Data in June has highlighted heightened inflationary pressures. Central bank rhetoric in western developed economies has evolved into a greater determination to arrest inflation through tighter monetary policy via higher short-term interest rates.

Financial markets have looked past inflation to the impact of a tougher stance on monetary policy: the greater likelihood of recession. That is looking hard to avoid in Europe and the UK but the jury is still out in the US albeit more likely than last month.

As Bloomberg eloquently puts it, ‘the Fed is hoping to engineer a touchdown that doesn’t smash the landing gear.’

US stocks had the worst first half of a year since 1962.  The following chart compares 1962 and 2022 S&P500 index movements.

For those interested in how the second half went sixty years ago, the S&P was up 15% from July to December 1962. For further context, the US S&P 500 Index is back to where it was in March 2021.

European stocks fared relatively ‘better’, the sell-off was the worst since 2008, as the following chart sourced from Bloomberg illustrates.

 

In Asia, the two largest economies are pursuing quite different policies.  Despite rising inflation, Japan refuses to change its accommodative stance and China has become economically stimulative.

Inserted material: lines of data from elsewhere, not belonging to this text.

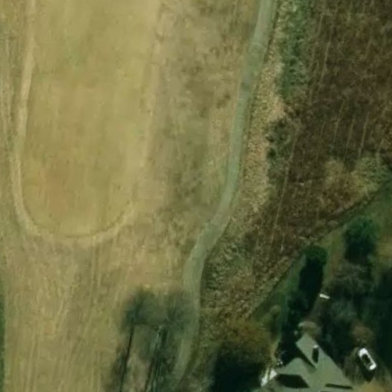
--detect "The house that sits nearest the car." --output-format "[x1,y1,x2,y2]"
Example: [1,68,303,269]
[248,330,360,392]
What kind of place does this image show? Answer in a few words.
golf course
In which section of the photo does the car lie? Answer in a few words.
bottom right
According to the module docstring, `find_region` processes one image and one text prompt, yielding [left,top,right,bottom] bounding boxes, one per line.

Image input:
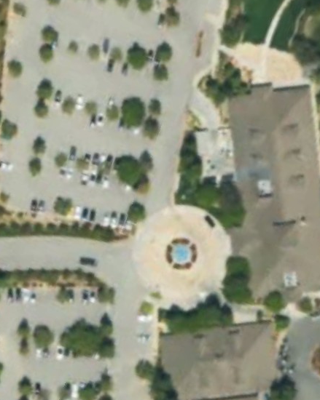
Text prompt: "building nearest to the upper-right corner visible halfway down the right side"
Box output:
[227,84,320,298]
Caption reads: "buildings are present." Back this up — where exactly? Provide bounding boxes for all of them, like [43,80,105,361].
[227,84,320,298]
[161,323,279,400]
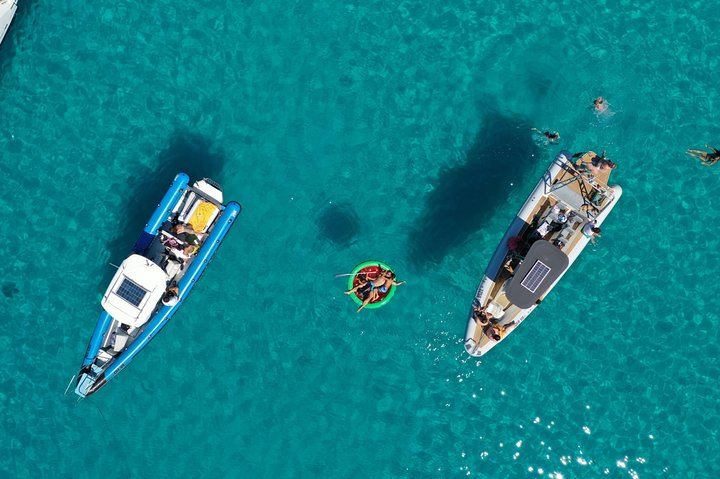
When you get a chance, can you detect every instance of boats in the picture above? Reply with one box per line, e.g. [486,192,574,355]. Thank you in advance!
[0,0,22,43]
[461,152,617,357]
[65,174,241,402]
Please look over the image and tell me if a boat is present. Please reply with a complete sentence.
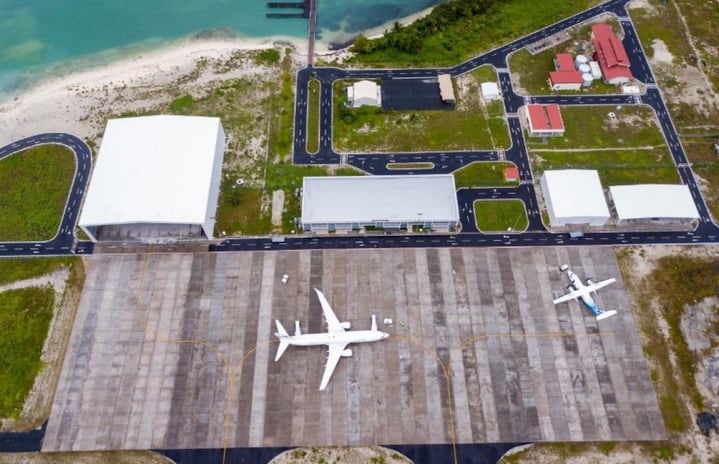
No, the frame has no boat in it.
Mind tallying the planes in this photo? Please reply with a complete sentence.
There are 2 planes in the image.
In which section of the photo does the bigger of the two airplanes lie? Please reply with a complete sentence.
Look in the bottom portion of the view to spot the bigger of the two airplanes.
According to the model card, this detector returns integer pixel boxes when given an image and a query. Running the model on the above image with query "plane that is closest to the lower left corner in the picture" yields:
[270,288,390,392]
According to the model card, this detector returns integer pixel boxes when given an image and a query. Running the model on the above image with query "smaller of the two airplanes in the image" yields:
[551,270,617,324]
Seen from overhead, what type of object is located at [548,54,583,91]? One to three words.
building
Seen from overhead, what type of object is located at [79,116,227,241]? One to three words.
hangar
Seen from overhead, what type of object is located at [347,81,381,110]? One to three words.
house
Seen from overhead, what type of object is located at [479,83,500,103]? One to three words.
shed
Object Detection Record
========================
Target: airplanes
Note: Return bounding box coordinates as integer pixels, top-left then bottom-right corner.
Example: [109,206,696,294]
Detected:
[270,288,390,392]
[551,270,617,324]
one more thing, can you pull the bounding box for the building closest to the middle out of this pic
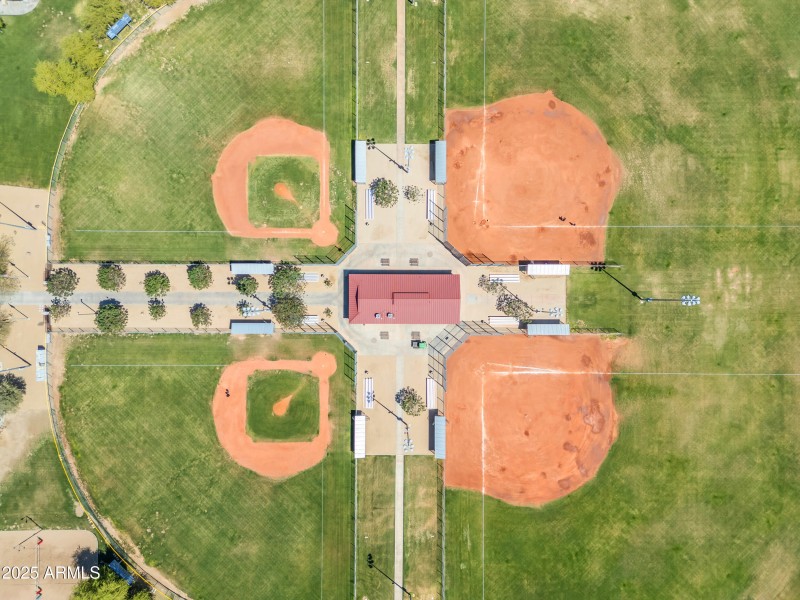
[348,273,461,324]
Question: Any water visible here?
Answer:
No
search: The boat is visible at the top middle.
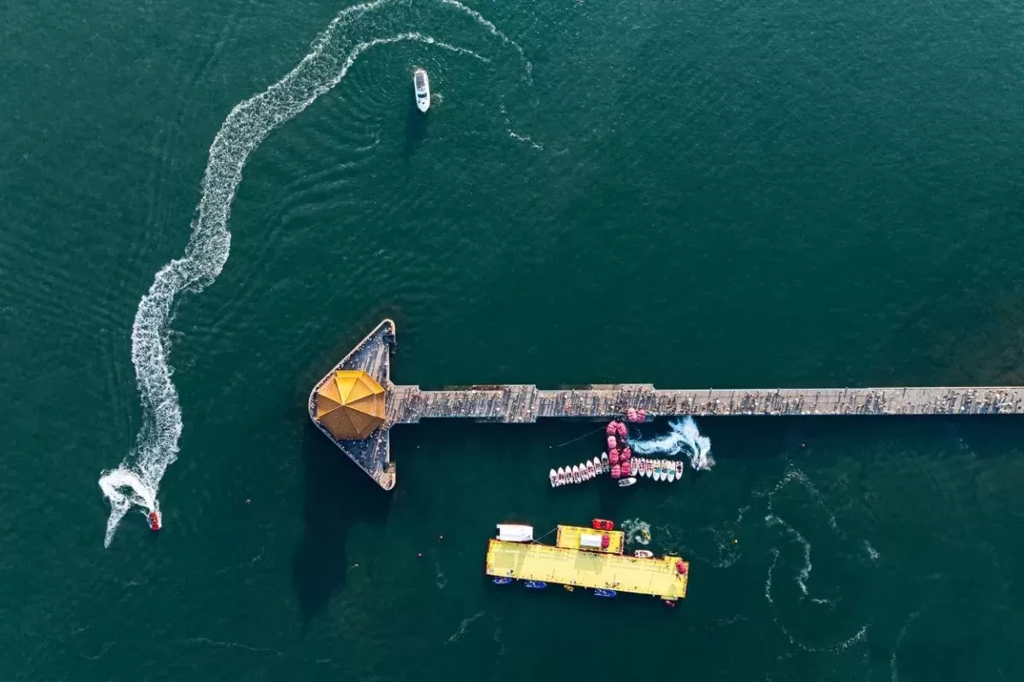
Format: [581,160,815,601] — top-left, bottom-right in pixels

Chinese equities were the bright spot in a negative month for stocks.  The staple food in Asia is rice for which there are no shortage or supply constraints as there are for wheat, corn and barley.  While China is committed to a zero tolerance Covid-19 policy, infections are falling in the major cities.  Consequently, Chinese equities were a positive outcrop in a sea of negative returns across most asset classes.

Thematically, preferred long-term demand themes provided little to no respite from June’s sell-off in risk assets.  Healthcare provided a positive outcome in June though.

Debt

Bond markets caught a bid in the final stretch of June as fears of recession led to investor demand for safe havens devouring government bonds.  Despite the strong end to the month, bond prices were lower over the month as a whole. Credit markets remained under pressure, not least mortgages.

Commodities

The increased risk of recessions did no favours for commodity prices.  With the prospect of lower demand, after a strong year to May, June saw most commodity prices significantly softer.  A lower oil price ensued in June giving some respite after  earlier months of higher prices while gold was a mild positive exhibiting some of is safe haven characteristics.

Currencies

Gold, used by ourselves as an alternative currency, benefited from greater levels of uncertainty which also created a favourable backdrop for the US dollar. The US currency also benefited from looking less challenged than its UK, European and Japanese counterparts.  Alternative currencies such as bitcoin fared worse as the digital currency plummeted by a third.